A model formula specifying the linear predictor for the model. The formula should not include state as a predictor variable. The variable state gets added to the formula automatically. Ignored if the model is bivariate, i.e. if the length of response is 2.

response

A character scalar or a length-2 vector of such scalars, specifying the name or names of the response(s). If response is not specified (i.e. if it is left as NULL) then formula (see below) must be specfied and response is taken to be the left hand side of formula. (In this case, it is of course univariate.)

data

A data frame with columns providing the response(s) and the predictor variables in the model.

distr

Character string specifying the distribution of the response(s) (“emissions”) variable(s). Currently (13/02/2024) the only distributions accommodated are Gaussian, Poisson, Binomial, Dbd, and Multinom. Note that "discnp" is just an alternative expression for "Multinom". Ignored if the response is bivariate, in which case distr is forcibly set equal to "Multinom". I.e. bivariate models are, currently, fitted only to data in which the emissions have the "Multinom" distribution.

inclTau

Logical scalar. Should the transition probability matrix parameters “tau” be included in those that are estimated via the Hessian/gradient pardigm? In this case, they are included in the set of parameters to which the gradient and Hessian are applicable. If not, they are estimated via the method of moments as is done when the EM algorithm is used. In this latter case the dimensions of the Hessian are reduced (by a substantial amount if K is “large”).

preSpecSigma

Numeric vector of length K (see below) with strictly positive entries.
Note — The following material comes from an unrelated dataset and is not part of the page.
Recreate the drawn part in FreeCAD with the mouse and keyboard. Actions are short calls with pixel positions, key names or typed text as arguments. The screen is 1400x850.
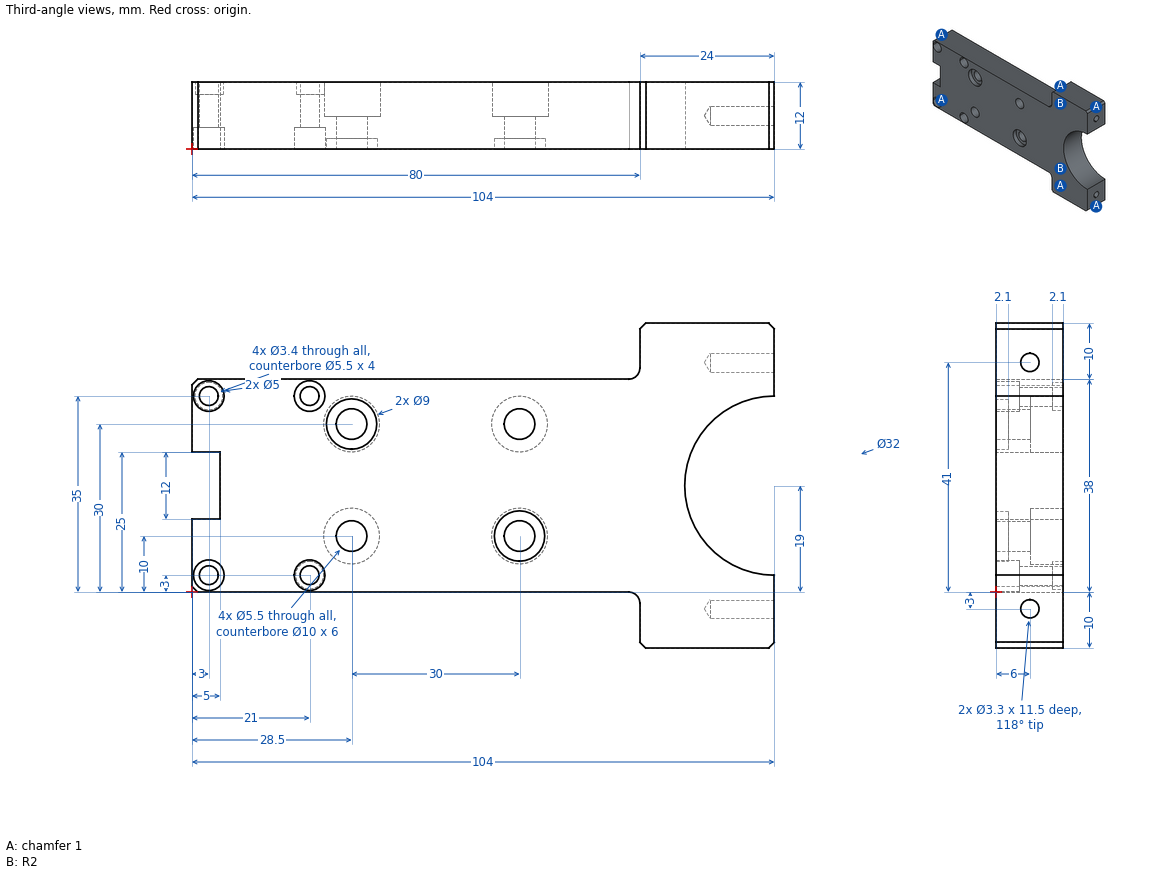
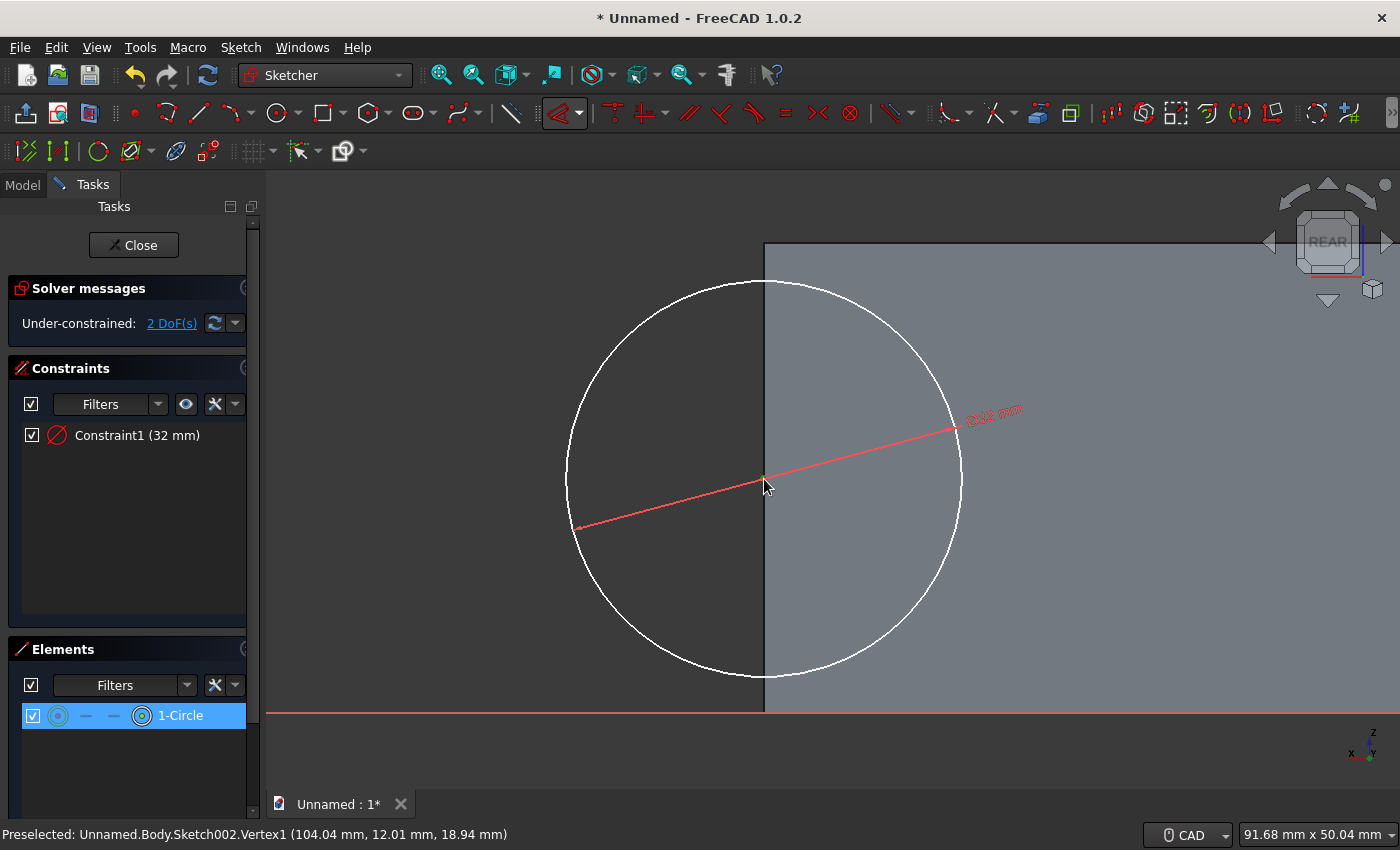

Ignored if distr is not equal to "Gaussian". This vector provides “pre-specified” values of the standard deviations sigma of the Gaussian distribution associated with each state. If preSpecSigma is specified, then it is used as the value of sigma throughout the fitting process, and sigma is not estimated from the data. If distr is "Gaussian" and preSpecSigma is specified, then an error will be thrown if the length of preSpecSigma is not equal to K, or if any entries of preSpecSigma fail to be strictly positive.

indep

Logical scalar; should the components of a bivariate model be considered to be independent? Ignored unless the model is bivariate (i.e. unless response is of length 2. If the model is bivariate and indep is not specified, an error is thrown.

size

Scalar integer specifying the number of trials in the experiment generating binomial data (see the size argument of dbinom()). Ignored unless distr is equal to "Binomial".

nbot

Scalar integer specifying the lower end (0 or 1) of the range of values of the discretised Beta distribution. Ignored unless distr is "Dbd".

ntop

Scalar integer specifying the upper end of the range of values of the discretised Beta distribution. Ignored unless distr is "Dbd".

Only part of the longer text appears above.